Cinematic Advertisements: Forgotten Potential?
Classic Advertisement – source: The Coca-Cola Company

Posters in cinemas are primarily reserved for films, which forces advertisers to focus on screening their ads before the movies start. They do not aimlessly advertise, as they specifically cater their advertisements to an audience that would most likely choose that brand. After market research is conducted, specific films are evaluated on what audience they attract and, consequently, what advertisements are the most effective. Genre films and yearly blockbusters are naturally the most popular, as they attract a wide audience and to some degree are easier to predict.

A Lack of Creativity

There is a tendency for companies to recycle advertisements for television and cinema, which is commonly the result of a lack in budget. Cinema does offer more than just the go-to “cinema spot”, which is the definition of a classic commercial shown in cinemas. The oldest, yet nowadays uncommon, “dia commercial” was nothing more than consecutive pictures shown with the product.

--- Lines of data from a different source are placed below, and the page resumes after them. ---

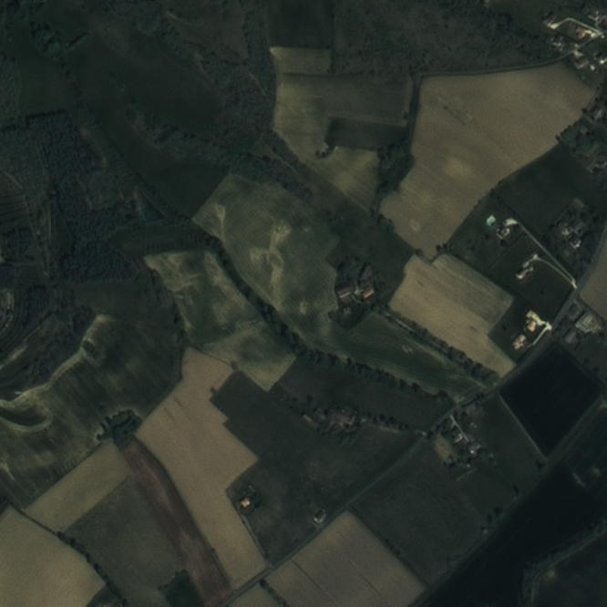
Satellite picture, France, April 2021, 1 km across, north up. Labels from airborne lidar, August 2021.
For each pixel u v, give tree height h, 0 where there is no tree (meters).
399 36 0
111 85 0
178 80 0
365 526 0
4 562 0
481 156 0
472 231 0
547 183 0
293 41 0
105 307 0
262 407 0
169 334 0
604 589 0
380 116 0
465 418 13
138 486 0
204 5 0
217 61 15
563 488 0
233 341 0
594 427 0
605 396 7
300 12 0
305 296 0
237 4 0
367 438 0
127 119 0
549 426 0
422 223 0
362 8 0
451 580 0
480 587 0
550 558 15
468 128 0
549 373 0
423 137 0
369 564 0
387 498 0
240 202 0
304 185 11
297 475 0
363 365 0
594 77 0
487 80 0
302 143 0
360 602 0
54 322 13
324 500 0
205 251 0
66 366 0
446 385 0
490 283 0
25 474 0
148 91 0
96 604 0
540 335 0
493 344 0
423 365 0
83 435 0
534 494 0
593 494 0
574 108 0
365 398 0
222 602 0
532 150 0
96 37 0
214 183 0
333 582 0
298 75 0
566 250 0
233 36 0
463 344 0
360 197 0
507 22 11
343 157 0
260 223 0
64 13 0
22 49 0
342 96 0
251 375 0
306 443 0
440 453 0
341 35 0
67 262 17
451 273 0
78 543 15
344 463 0
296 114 0
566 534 0
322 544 0
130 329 0
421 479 0
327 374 0
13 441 0
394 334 0
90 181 20
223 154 7
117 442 15
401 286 0
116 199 21
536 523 0
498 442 0
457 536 0
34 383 11
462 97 0
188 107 0
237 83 18
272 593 10
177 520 0
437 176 0
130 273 15
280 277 0
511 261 0
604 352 0
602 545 0
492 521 16
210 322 0
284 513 0
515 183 0
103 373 0
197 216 0
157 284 16
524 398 0
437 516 0
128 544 0
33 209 13
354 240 0
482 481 0
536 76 0
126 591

Both these types of advertisements are very simple and do not truly add to the experience of being in a cinema, as they are something that can be watched at home. It highlights that budgetary restraints keep companies from truly being creative and make cinema advertisement more of an extra, rather than a primary focus.

Cinematic Advertisements: Forgotten Potential?
Cinema Audience

A type of cinema advertisement that has not truly been utilised for quite some time is the “advertisement film”, which is a short film that integrates a product or service into the plot. It is an amalgam of both the classic cinema advertisements and product placement. Moreover, it is considered closer to a film than a short advertisement, which gives off more of a cinematic feeling and adds value to the audience’s experience.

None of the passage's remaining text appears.